TASK INSTRUCTIONS: Range to output from the entries below: the line containing "Every object in" through the line containing "1. figurine (469,214,555,274)". Set it down exactly, ends included, nothing else.
** Opening GIVEN DATA block **
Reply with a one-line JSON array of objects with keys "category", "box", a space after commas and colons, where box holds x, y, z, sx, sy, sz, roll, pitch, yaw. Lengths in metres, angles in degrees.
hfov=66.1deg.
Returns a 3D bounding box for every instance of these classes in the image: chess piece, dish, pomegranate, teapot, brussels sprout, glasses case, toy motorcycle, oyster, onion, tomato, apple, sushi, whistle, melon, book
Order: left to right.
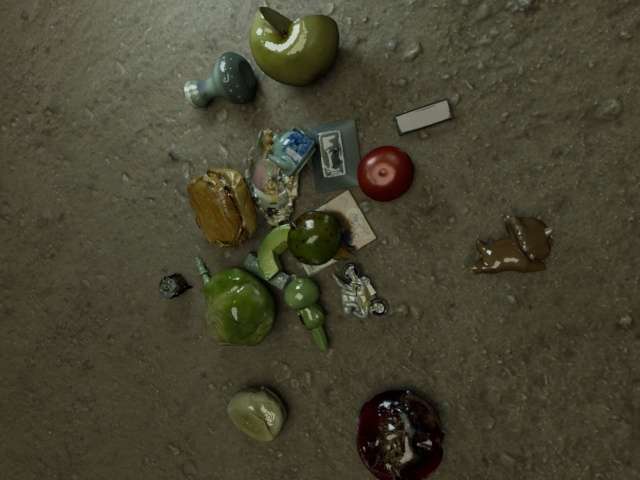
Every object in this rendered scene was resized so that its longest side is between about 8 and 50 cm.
[{"category": "sushi", "box": [-0.577, 0.184, 1.939, 0.098, 0.084, 0.094, 43, 106, 12]}, {"category": "chess piece", "box": [-0.455, 0.133, 1.917, 0.059, 0.059, 0.149, -32, 80, 15]}, {"category": "teapot", "box": [-0.367, -0.567, 1.792, 0.251, 0.183, 0.183, -11, 91, 28]}, {"category": "brussels sprout", "box": [-0.297, 0.257, 1.782, 0.273, 0.242, 0.317, 18, 106, 21]}, {"category": "oyster", "box": [-0.179, -0.223, 1.797, 0.201, 0.107, 0.355, 7, 90, -17]}, {"category": "melon", "box": [-0.156, 0.037, 1.780, 0.118, 0.064, 0.209, 39, 86, 17]}, {"category": "teapot", "box": [-0.104, -0.317, 1.697, 0.159, 0.232, 0.159, 14, 133, 15]}, {"category": "apple", "box": [-0.089, -0.640, 1.654, 0.295, 0.258, 0.233, 20, 100, 17]}, {"category": "whistle", "box": [-0.029, 0.249, 1.785, 0.141, 0.141, 0.294, -29, 105, 16]}, {"category": "pomegranate", "box": [0.009, -0.003, 1.691, 0.246, 0.198, 0.198, 14, 98, 2]}, {"category": "book", "box": [0.031, -0.024, 1.786, 0.295, 0.020, 0.208, -31, 86, 16]}, {"category": "dish", "box": [0.045, -0.300, 1.732, 0.182, 0.080, 0.243, -8, 93, 16]}, {"category": "toy motorcycle", "box": [0.129, 0.195, 1.747, 0.151, 0.074, 0.229, -38, 93, 10]}, {"category": "tomato", "box": [0.218, -0.225, 1.658, 0.195, 0.136, 0.195, 1, 93, 16]}, {"category": "onion", "box": [0.270, 0.663, 1.673, 0.314, 0.232, 0.314, -8, 67, 20]}, {"category": "glasses case", "box": [0.347, -0.414, 1.657, 0.190, 0.042, 0.072, -15, 97, 16]}]

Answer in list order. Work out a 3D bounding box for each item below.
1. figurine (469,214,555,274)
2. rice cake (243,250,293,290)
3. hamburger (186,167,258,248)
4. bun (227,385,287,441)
[{"category": "figurine", "box": [0.602, 0.004, 1.545, 0.247, 0.177, 0.173, 0, 113, 23]}, {"category": "rice cake", "box": [-0.196, 0.117, 1.836, 0.206, 0.063, 0.069, 32, 96, 12]}, {"category": "hamburger", "box": [-0.354, -0.116, 1.771, 0.318, 0.158, 0.319, 30, 132, 40]}, {"category": "bun", "box": [-0.228, 0.642, 1.849, 0.229, 0.145, 0.229, 17, 132, 20]}]
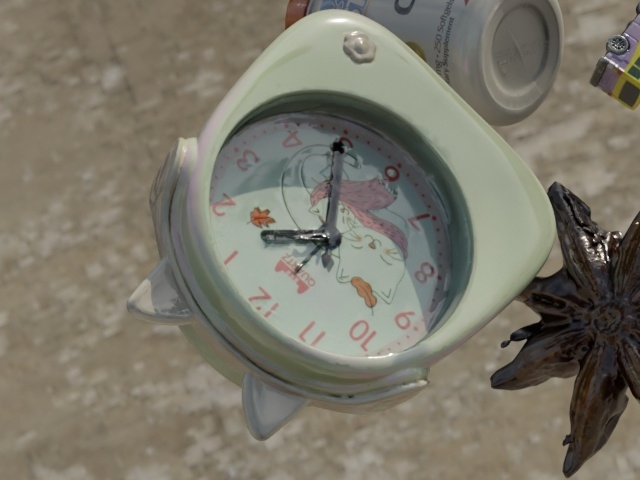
** Closing GIVEN DATA block **
ANSWER TO THE PROBLEM:
Every object in this rendered scene was resized so that its longest side is between about 8 and 50 cm.
[{"category": "sushi", "box": [-0.577, 0.184, 1.939, 0.098, 0.084, 0.094, 43, 106, 12]}, {"category": "chess piece", "box": [-0.455, 0.133, 1.917, 0.059, 0.059, 0.149, -32, 80, 15]}, {"category": "teapot", "box": [-0.367, -0.567, 1.792, 0.251, 0.183, 0.183, -11, 91, 28]}, {"category": "brussels sprout", "box": [-0.297, 0.257, 1.782, 0.273, 0.242, 0.317, 18, 106, 21]}, {"category": "oyster", "box": [-0.179, -0.223, 1.797, 0.201, 0.107, 0.355, 7, 90, -17]}, {"category": "melon", "box": [-0.156, 0.037, 1.780, 0.118, 0.064, 0.209, 39, 86, 17]}, {"category": "teapot", "box": [-0.104, -0.317, 1.697, 0.159, 0.232, 0.159, 14, 133, 15]}, {"category": "apple", "box": [-0.089, -0.640, 1.654, 0.295, 0.258, 0.233, 20, 100, 17]}, {"category": "whistle", "box": [-0.029, 0.249, 1.785, 0.141, 0.141, 0.294, -29, 105, 16]}, {"category": "pomegranate", "box": [0.009, -0.003, 1.691, 0.246, 0.198, 0.198, 14, 98, 2]}, {"category": "book", "box": [0.031, -0.024, 1.786, 0.295, 0.020, 0.208, -31, 86, 16]}, {"category": "dish", "box": [0.045, -0.300, 1.732, 0.182, 0.080, 0.243, -8, 93, 16]}, {"category": "toy motorcycle", "box": [0.129, 0.195, 1.747, 0.151, 0.074, 0.229, -38, 93, 10]}, {"category": "tomato", "box": [0.218, -0.225, 1.658, 0.195, 0.136, 0.195, 1, 93, 16]}, {"category": "onion", "box": [0.270, 0.663, 1.673, 0.314, 0.232, 0.314, -8, 67, 20]}, {"category": "glasses case", "box": [0.347, -0.414, 1.657, 0.190, 0.042, 0.072, -15, 97, 16]}]

Answer in list order. Work out a 3D bounding box for each item below.
1. figurine (469,214,555,274)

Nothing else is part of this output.